Aim of the task:
Print exactly, and only, the lines from the one containing "Numbers: x, y, z, sx, sy, sz, roll, pitch, yaw." through the last line of the records below, both included; leave out the pictures.

Records drawn from a dataset:
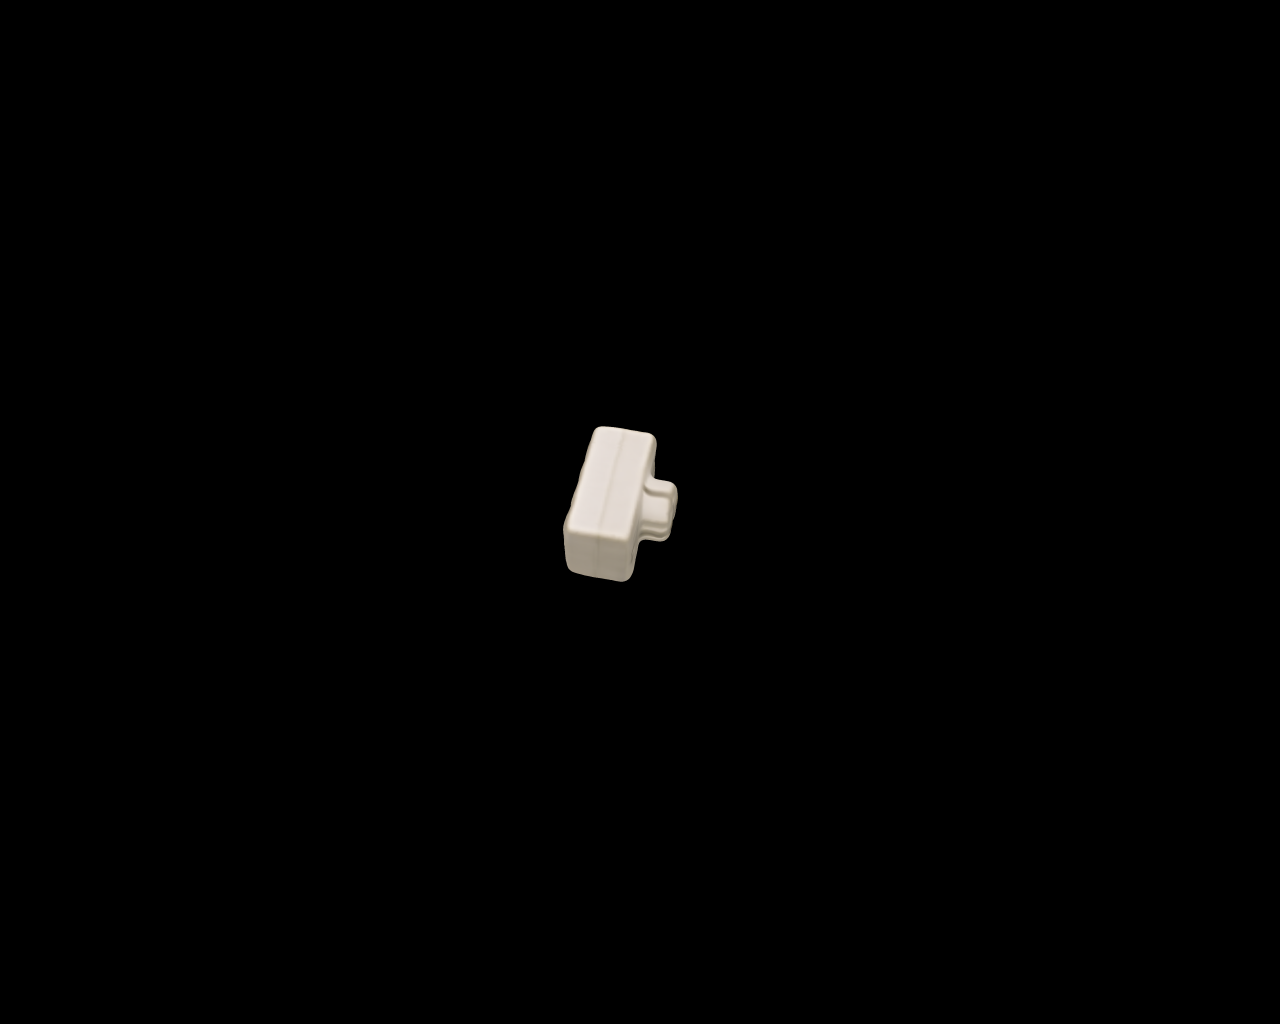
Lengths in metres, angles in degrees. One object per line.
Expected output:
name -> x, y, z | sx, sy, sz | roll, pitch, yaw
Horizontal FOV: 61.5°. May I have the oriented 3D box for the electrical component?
electrical component -> 0.001, -0.003, 0.650 | 0.076, 0.083, 0.047 | 9, -36, 7
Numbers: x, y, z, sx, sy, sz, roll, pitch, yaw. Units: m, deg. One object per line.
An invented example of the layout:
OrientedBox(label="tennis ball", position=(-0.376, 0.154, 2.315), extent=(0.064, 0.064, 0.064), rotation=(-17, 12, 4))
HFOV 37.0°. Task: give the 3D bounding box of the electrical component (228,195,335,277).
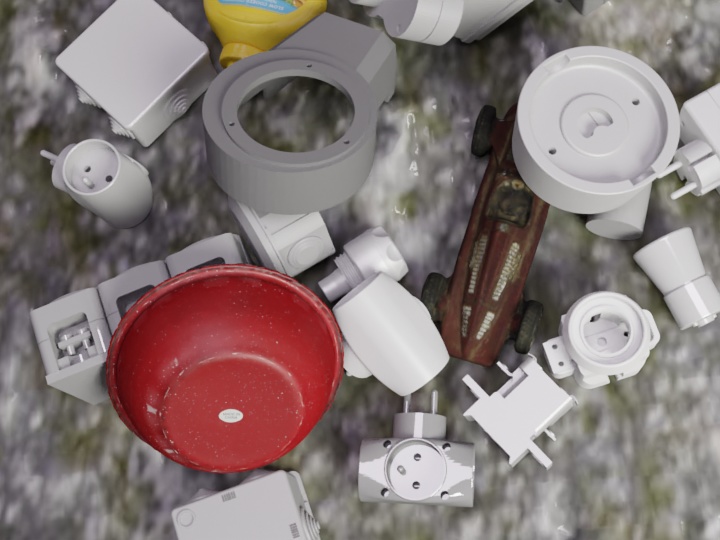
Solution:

Response below:
Numbers: x, y, z, sx, sy, sz, roll, pitch, yaw. Units: m, deg. One object per line.
An invented example of the layout:
OrientedBox(label="tennis ball", position=(-0.376, 0.154, 2.315), extent=(0.064, 0.064, 0.064), rotation=(-17, 12, 4))
HFOV 37.0°. Task: give the 3D bounding box of the electrical component (228,195,335,277).
Solution:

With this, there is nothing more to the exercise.